Run through the data and copy out every line that mentions the word "example".

[Source records]
===

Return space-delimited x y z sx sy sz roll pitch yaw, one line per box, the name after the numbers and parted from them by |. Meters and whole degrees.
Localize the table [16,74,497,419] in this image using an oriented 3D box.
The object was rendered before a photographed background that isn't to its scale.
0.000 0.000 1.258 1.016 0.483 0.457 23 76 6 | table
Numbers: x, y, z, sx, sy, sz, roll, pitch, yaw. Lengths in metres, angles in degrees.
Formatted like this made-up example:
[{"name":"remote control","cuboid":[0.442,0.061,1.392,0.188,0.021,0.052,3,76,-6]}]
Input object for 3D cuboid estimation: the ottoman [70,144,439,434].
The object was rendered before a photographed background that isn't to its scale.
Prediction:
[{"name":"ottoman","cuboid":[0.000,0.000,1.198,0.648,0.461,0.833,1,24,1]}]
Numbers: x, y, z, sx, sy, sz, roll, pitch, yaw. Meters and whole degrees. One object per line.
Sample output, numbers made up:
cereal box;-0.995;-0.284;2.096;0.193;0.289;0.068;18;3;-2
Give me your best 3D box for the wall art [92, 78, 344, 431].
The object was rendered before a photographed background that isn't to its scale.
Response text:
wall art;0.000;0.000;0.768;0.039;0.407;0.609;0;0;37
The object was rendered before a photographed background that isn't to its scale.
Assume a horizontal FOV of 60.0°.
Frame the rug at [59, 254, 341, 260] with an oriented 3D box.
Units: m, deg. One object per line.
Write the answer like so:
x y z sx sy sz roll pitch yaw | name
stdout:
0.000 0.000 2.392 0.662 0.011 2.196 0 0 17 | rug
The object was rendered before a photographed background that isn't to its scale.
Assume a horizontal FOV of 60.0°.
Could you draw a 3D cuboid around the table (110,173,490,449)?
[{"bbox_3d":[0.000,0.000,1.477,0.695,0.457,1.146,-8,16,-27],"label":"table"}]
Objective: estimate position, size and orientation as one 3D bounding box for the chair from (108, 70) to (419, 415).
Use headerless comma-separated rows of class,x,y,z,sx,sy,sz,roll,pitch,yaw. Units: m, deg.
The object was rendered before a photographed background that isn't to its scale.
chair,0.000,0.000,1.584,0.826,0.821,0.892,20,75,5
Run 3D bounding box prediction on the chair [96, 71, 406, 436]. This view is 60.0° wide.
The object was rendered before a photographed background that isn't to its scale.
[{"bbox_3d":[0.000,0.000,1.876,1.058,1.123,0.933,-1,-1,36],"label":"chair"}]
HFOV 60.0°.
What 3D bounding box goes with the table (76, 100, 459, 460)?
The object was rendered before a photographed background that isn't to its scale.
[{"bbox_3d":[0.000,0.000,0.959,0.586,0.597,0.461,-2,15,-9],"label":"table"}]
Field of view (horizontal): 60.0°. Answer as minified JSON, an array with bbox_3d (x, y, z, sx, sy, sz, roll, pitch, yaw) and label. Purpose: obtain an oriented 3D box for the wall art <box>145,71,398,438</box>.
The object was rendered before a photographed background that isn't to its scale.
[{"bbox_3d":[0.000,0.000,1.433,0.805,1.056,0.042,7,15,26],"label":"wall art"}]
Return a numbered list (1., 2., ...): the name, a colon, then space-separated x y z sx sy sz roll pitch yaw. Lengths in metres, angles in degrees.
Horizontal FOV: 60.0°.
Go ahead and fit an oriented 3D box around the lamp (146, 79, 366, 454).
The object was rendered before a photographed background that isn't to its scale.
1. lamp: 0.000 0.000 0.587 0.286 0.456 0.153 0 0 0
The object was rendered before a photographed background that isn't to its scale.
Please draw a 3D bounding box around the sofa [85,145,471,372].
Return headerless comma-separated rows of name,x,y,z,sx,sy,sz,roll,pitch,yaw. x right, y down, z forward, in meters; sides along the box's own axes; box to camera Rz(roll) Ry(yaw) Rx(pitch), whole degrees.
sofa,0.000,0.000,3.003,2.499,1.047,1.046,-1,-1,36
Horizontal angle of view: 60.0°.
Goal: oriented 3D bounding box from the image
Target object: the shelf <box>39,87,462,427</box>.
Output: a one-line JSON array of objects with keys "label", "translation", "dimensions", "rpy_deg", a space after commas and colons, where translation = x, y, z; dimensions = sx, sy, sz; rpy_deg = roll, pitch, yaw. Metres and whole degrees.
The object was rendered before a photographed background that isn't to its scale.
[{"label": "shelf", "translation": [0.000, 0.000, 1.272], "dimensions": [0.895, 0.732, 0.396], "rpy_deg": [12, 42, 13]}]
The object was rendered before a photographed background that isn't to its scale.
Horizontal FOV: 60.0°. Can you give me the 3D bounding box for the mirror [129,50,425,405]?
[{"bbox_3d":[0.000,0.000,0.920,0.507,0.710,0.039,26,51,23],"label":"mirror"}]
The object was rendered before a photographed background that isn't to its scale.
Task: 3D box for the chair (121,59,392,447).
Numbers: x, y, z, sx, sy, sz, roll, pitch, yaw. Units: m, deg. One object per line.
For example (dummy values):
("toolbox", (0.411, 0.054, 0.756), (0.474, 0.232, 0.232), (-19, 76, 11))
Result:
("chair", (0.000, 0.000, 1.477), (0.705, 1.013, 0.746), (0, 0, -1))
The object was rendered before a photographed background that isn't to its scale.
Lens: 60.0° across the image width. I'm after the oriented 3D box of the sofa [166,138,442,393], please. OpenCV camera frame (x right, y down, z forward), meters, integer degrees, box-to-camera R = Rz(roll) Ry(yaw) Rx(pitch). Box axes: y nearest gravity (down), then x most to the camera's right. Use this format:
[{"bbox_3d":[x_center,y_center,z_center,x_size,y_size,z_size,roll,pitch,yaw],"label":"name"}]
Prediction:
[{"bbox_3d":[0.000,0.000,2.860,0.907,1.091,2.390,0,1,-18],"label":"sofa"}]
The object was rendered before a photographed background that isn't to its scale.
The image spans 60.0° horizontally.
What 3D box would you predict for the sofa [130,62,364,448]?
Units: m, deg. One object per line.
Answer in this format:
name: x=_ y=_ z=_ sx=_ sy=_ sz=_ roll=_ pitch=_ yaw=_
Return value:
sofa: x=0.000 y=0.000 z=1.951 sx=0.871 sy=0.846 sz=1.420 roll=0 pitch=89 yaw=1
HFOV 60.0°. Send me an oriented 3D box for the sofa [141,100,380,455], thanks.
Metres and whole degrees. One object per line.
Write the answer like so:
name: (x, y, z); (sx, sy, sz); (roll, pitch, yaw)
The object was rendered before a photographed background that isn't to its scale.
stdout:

===

▶ **ANSWER TO THIS TASK**:
Formatted like this made-up example:
For example (dummy values):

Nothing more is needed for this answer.